Supplied data:
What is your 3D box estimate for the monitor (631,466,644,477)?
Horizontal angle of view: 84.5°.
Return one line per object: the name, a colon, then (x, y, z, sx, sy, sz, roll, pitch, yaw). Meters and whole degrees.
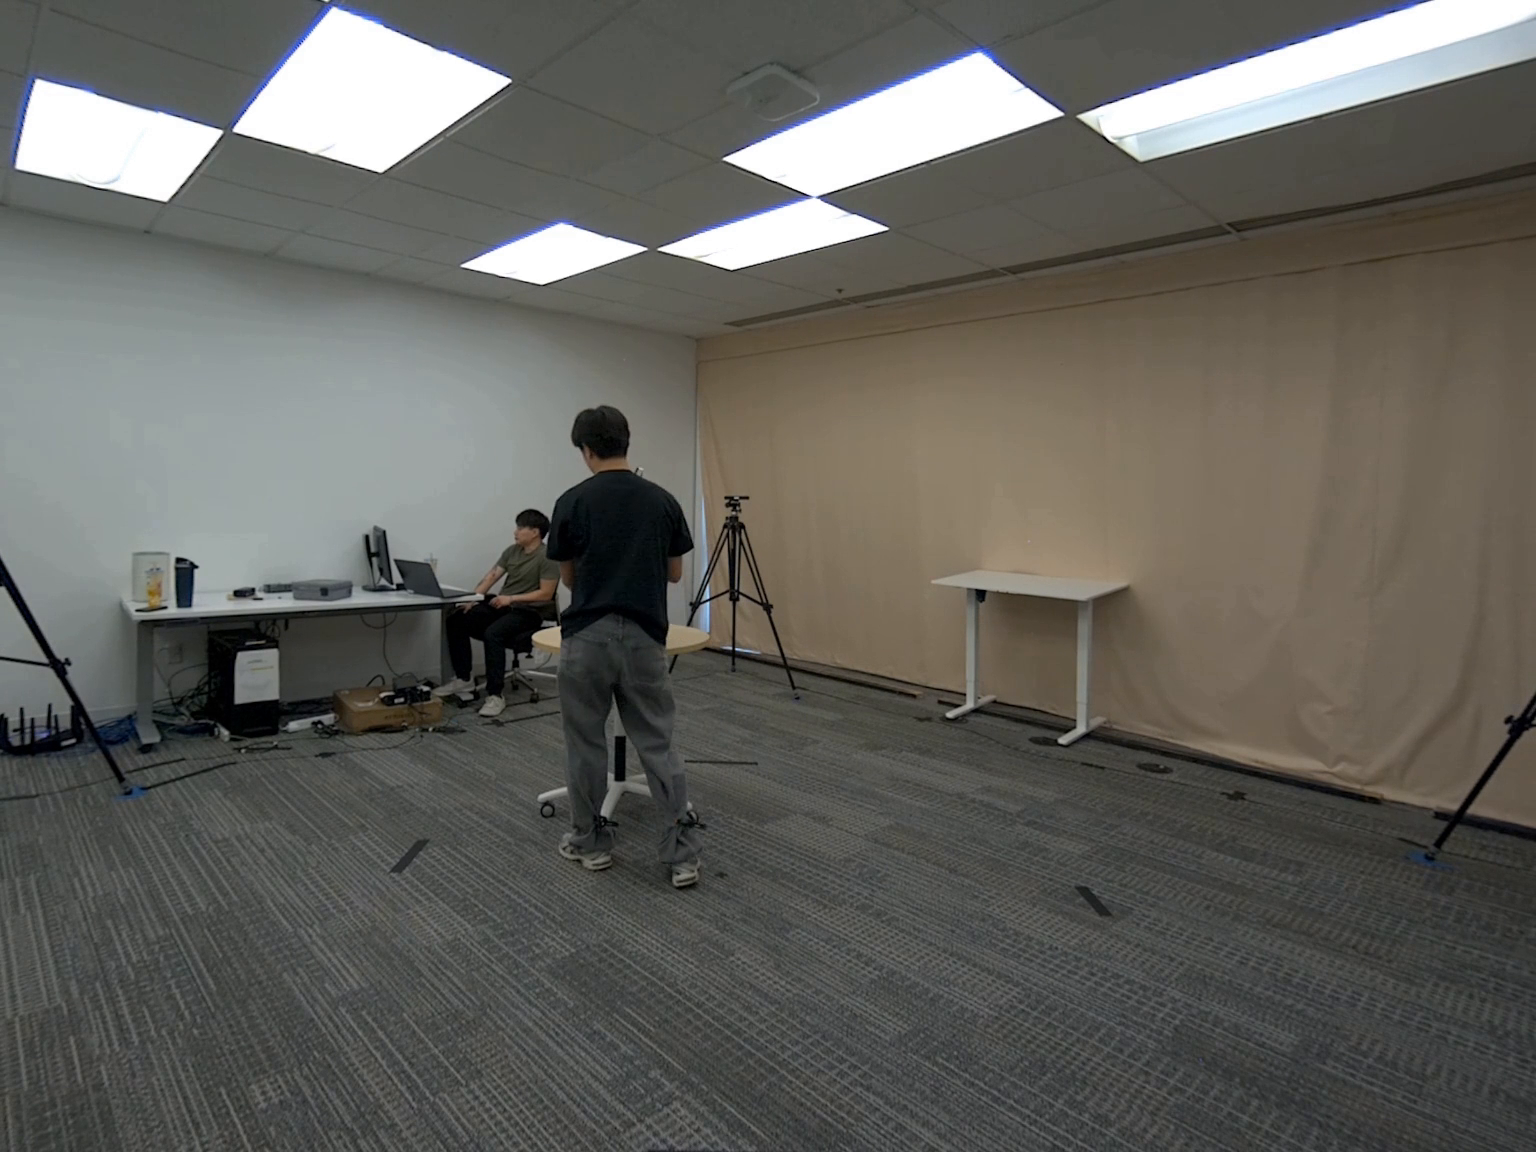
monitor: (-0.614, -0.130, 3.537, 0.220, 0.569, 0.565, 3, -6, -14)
==
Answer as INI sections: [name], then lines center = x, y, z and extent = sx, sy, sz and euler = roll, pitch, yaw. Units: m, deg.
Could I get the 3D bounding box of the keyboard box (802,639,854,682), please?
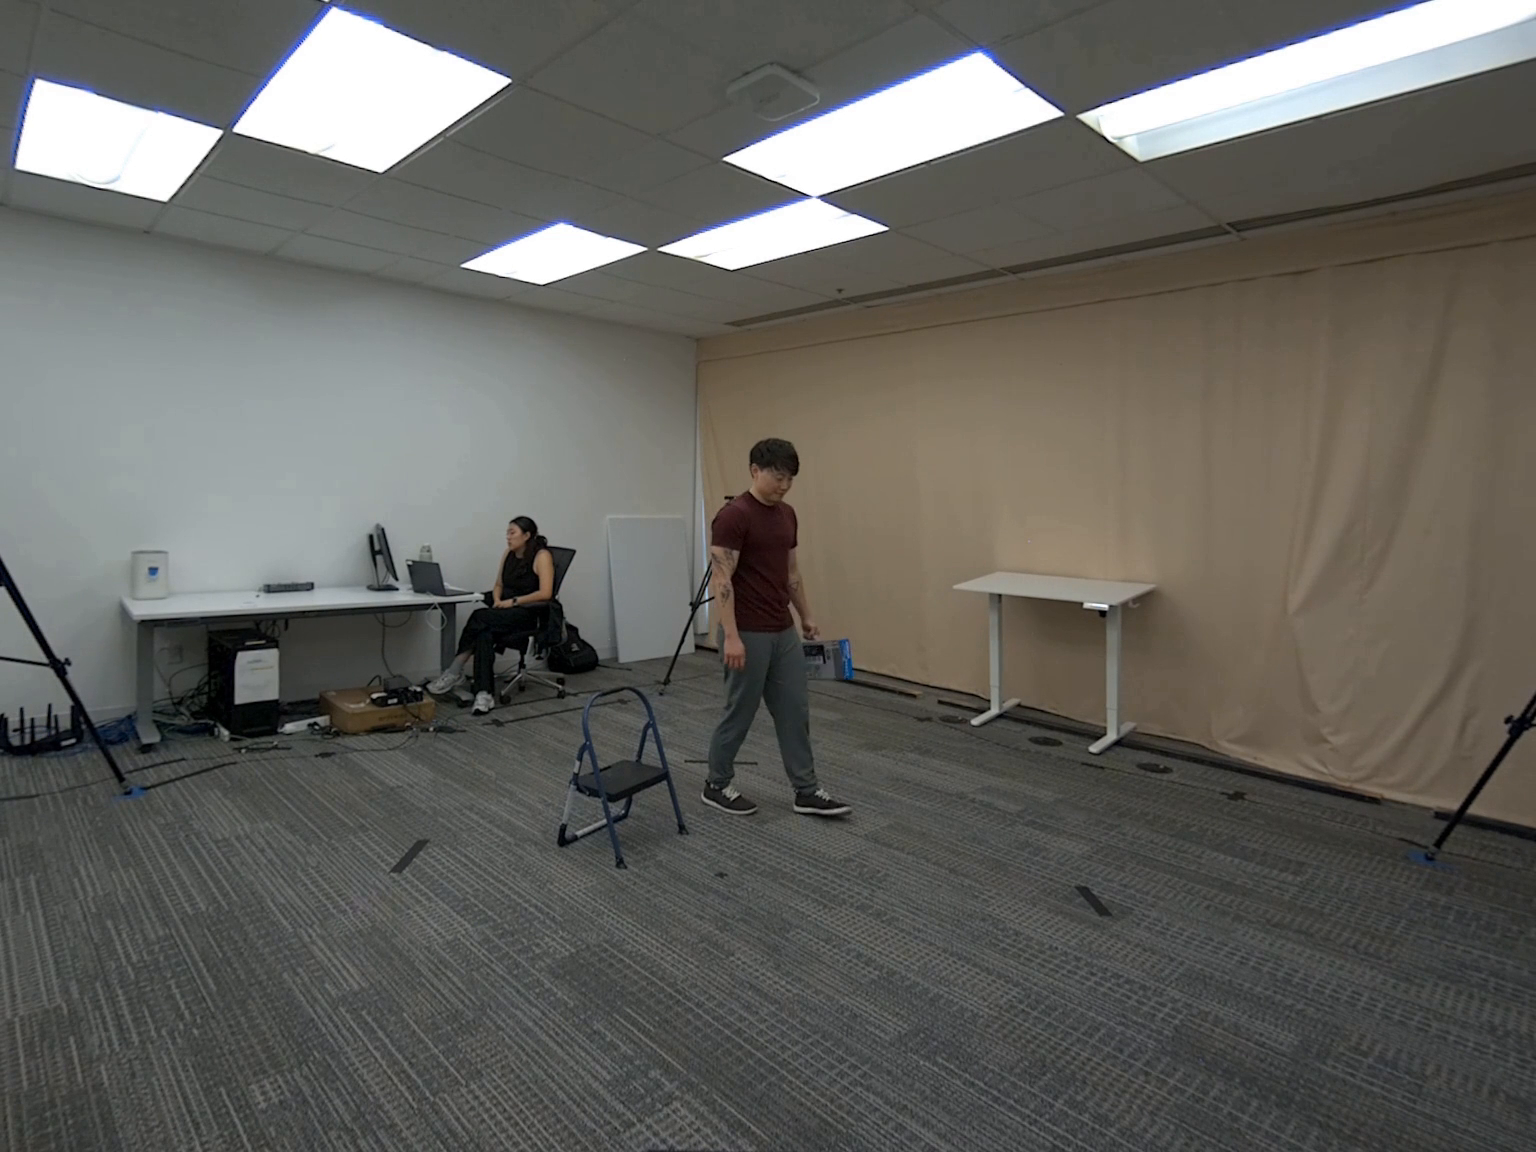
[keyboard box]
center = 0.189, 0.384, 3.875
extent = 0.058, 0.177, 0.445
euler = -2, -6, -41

Exercise details: Within the listing above, locate the line containing "What is your" and the line containing "Horizontal angle of view: 84.5°.". Reproduce those two lines and all lines between them exactly, with nothing added.

Problem solution:
What is your 3D box estimate for the monitor (631,466,644,477)?
Horizontal angle of view: 84.5°.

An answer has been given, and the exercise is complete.